Esta tese sempre foi sustentada pelo Vaticano, segundo escreveu Janus no O Papa e o Concílio: “Havia contudo muitos anos (desde 752), que os papas tinham nos seus escritos precaução de não falar em dádiva, mas em mera restituição, sendo que as cidades e províncias italianas deviam ser restituídas ora a S.Pedro, ora à república romana.[ix]9

Na sustentação dessa tese, a Igreja implicitamente admitiu a falsidade material do Constitutum, tendo-a, contudo, como válida, porque efetivamente representou “vontade de doar” coincidente com a de “receber a doação”.

Também tachado de materialmente falso, pelo menos quanto à sua autenticação, é o Tratado de Tordesilhas, pelo qual Portugal e Espanha partilharam o território descoberto por Colombo, incluindo o Brasil. O pesquisador Ricardo Ramon Blanco descobriu recentemente que falso é pelo menos o selo com o qual se procurou autenticar o instrumento do Tratado existente na Torre do Tombo, em Portugal. Isso porque o exemplar encontrado em Santos, no Mosteiro do Carmo, revela que o selo aplicado à via arquivada na Torre do Tombo é de Jaime, o Conquistador, que viveu no século XIII, dois séculos antes...[x]10

Outro falso que agitou o País inteiro foi o das cartas atribuídas a Artur Bernardes[xi]11 e que inseriam expressões agressivas contra os militares e principalmente contra Hermes da Fonseca, qualificado como sargentão sem compostura. O Clube Militar reagiu com violento manifesto à Nação, criou-se um clima a que se chamou de “nova questão militar”, as Forças Armadas protestaram e a imprensa teve assunto para muitos meses. Contestadas por Artur Bernardes, as cartas foram submetidas a perícia grafotécnica, que deu pela autenticidade, motivo pelo qual foram consultados peritos famosos. Na França o perito Locard, então considerado o maior do mundo em grafotécnica, confirmou a autoria num laudo sintetizado na frase “em toute évidence et en toute certitude, les deux lettres sont authentiques”. Emissários de Artur Bernardes partiram para a Itália, onde obtiveram laudo do não menos famoso Ottolenghi, logo depois secundado por Bischoff, diretor do Instituto de Ciência Política da Lausanne, ambos concluindo pela falsidade da letra e assinatura.

Para reforçar seu instrumental defensivo, Artur Bernardes obteve de Rui Barbosa parecer opinando pela falsidade, com base em presunções estritamente jurídicas, tais como o de que só merece ser questionado o documento suspeito de falsidade se tiver, pelo menos, procedência aceitável.
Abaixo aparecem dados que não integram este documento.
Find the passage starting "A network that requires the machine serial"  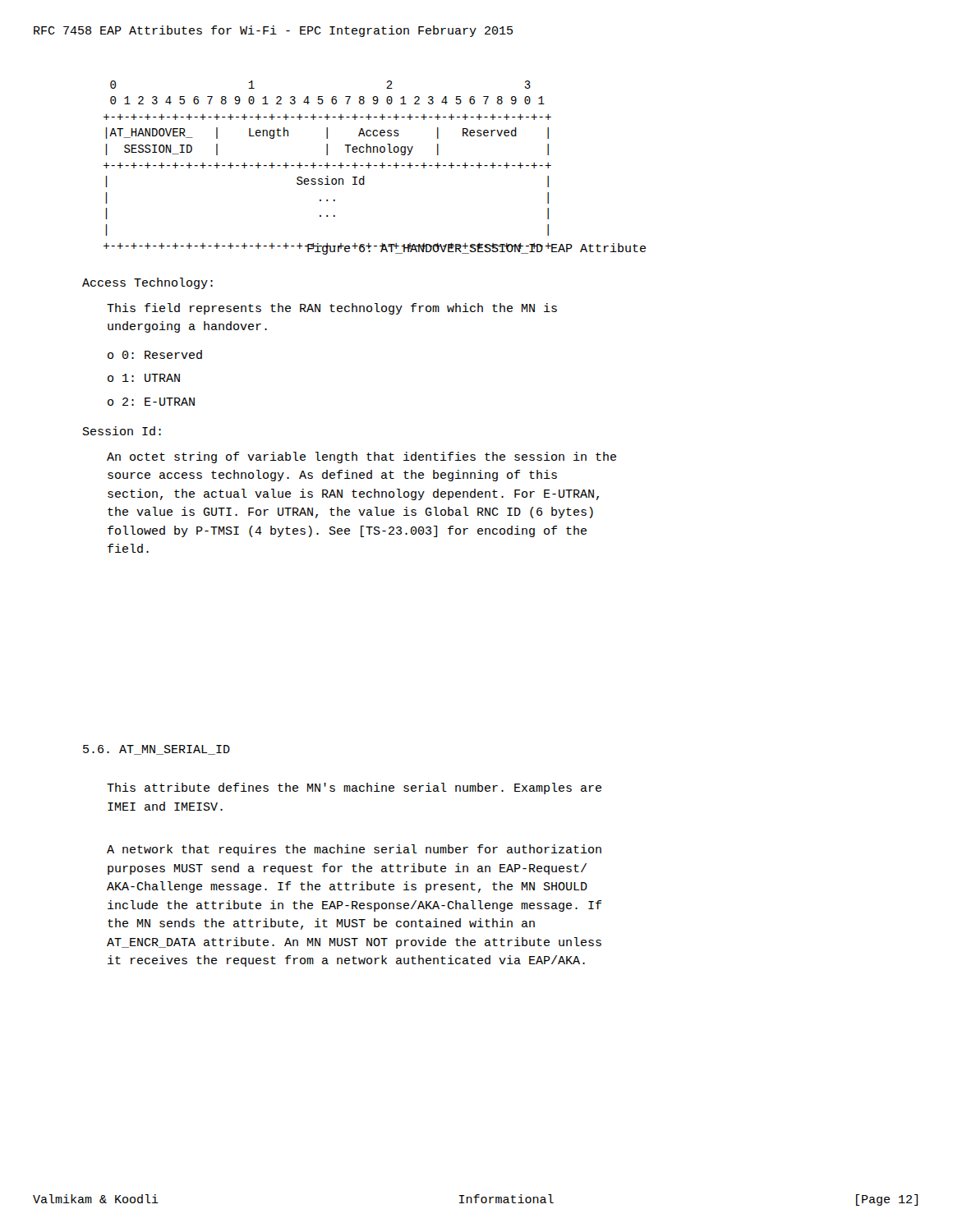tap(355, 906)
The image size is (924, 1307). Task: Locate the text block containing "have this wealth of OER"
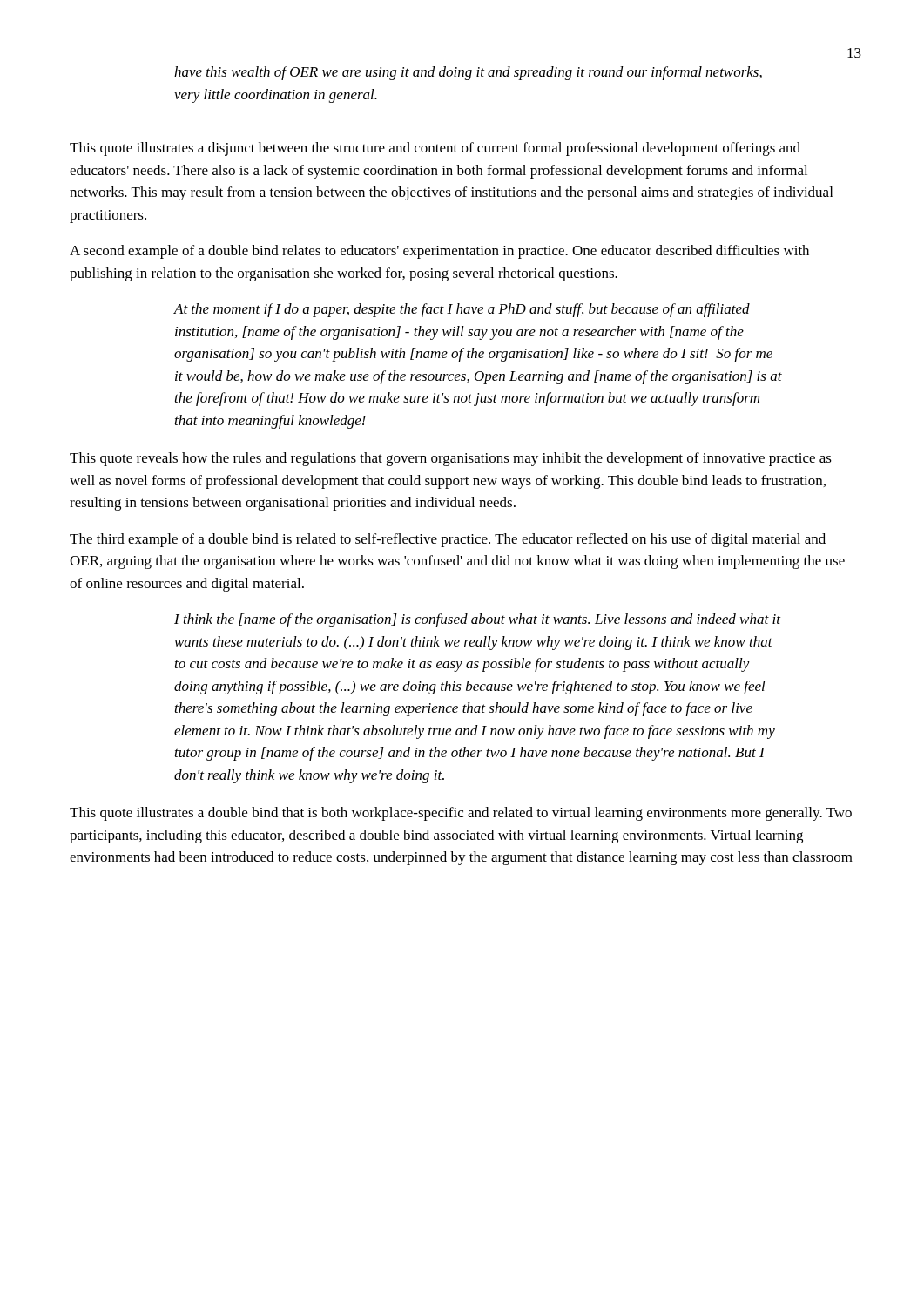pos(468,83)

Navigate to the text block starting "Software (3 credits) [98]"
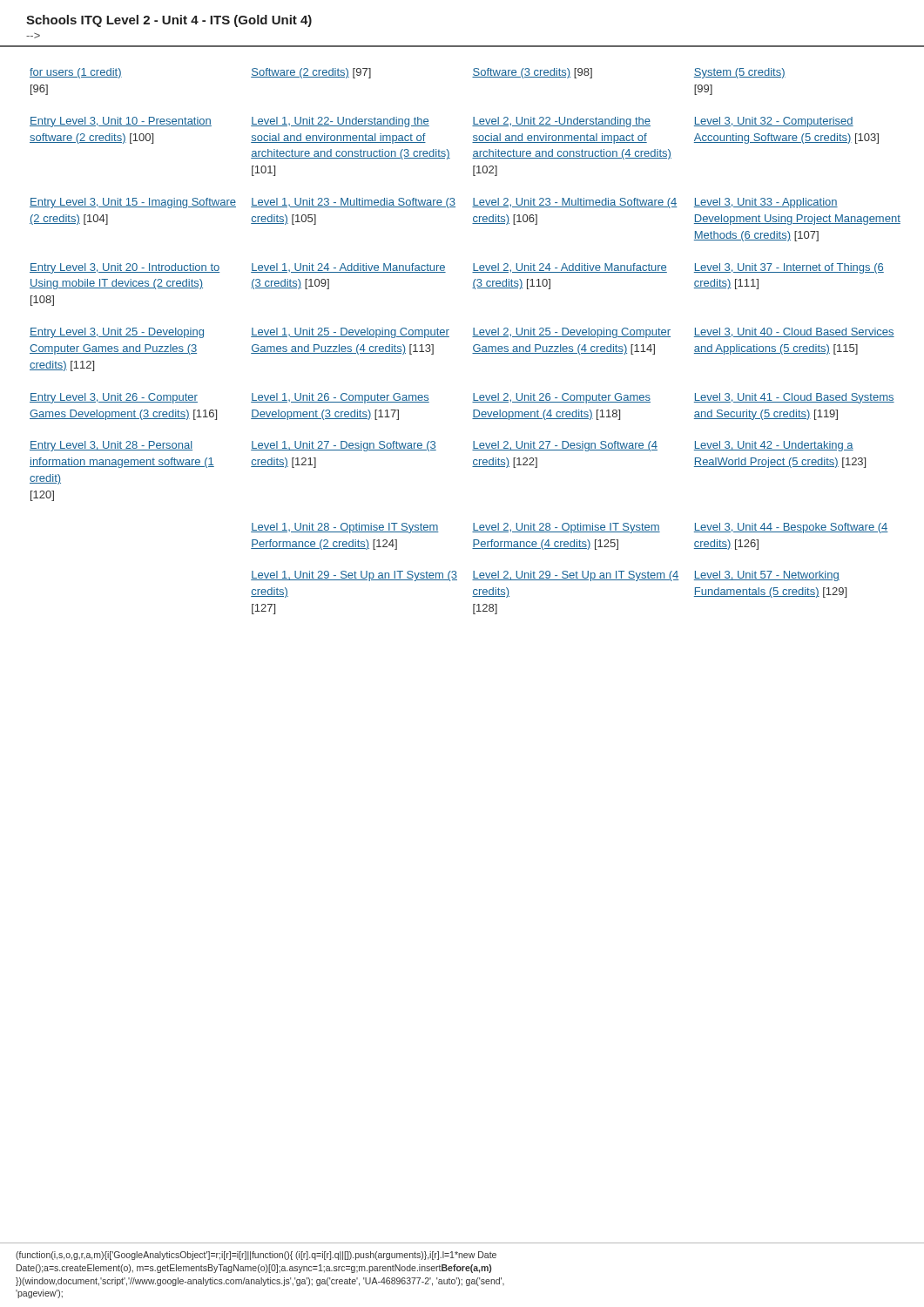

Segundo Rui, esse foi o critério que levou o povo americano a rejeitar a imputação, ao presidente Washington, da autoria de sete cartas que ele declarou serem apócrifas: “Foi o que se deu com as cartas de Washington, a que já me referi. Provado o embuste da  preliminar, isto é, provado que Billy nunca fora feito prisioneiro pelos adversários – e muito menos no lugar e circunstâncias alegadas, - patente ficou logo que as cartas eram apócrifas. E, malgrado a assombrosa habilidade do falsário, que, aliás, nunca foi descoberto, o povo americano, com o seu admirável bom senso, deu-lhes, daí por diante, o crédito que mereciam, e não perdeu tempo em investigações posteriores. É o que, na minha opinião, e pelas razões acima declaradas, já devia ter acontecido, há muito, no Brasil, com este caso, em torno do qual estamos vendo girar, com tão inconcebível gravidade, a política nacional.”[xii]12

Enfrentando a celeuma, a candidatura de Artur Bernardes à Presidência da República foi mantida, não tanto porque ele negasse a autoria das cartas, mas porque a seu lado postou-se Washington Luís, com o peso que tinha como presidente de São Paulo. Realizada a eleição, Bernardes ganhou por 466.000 votos contra 317.000 dados a Nilo Peçanha, seu adversário.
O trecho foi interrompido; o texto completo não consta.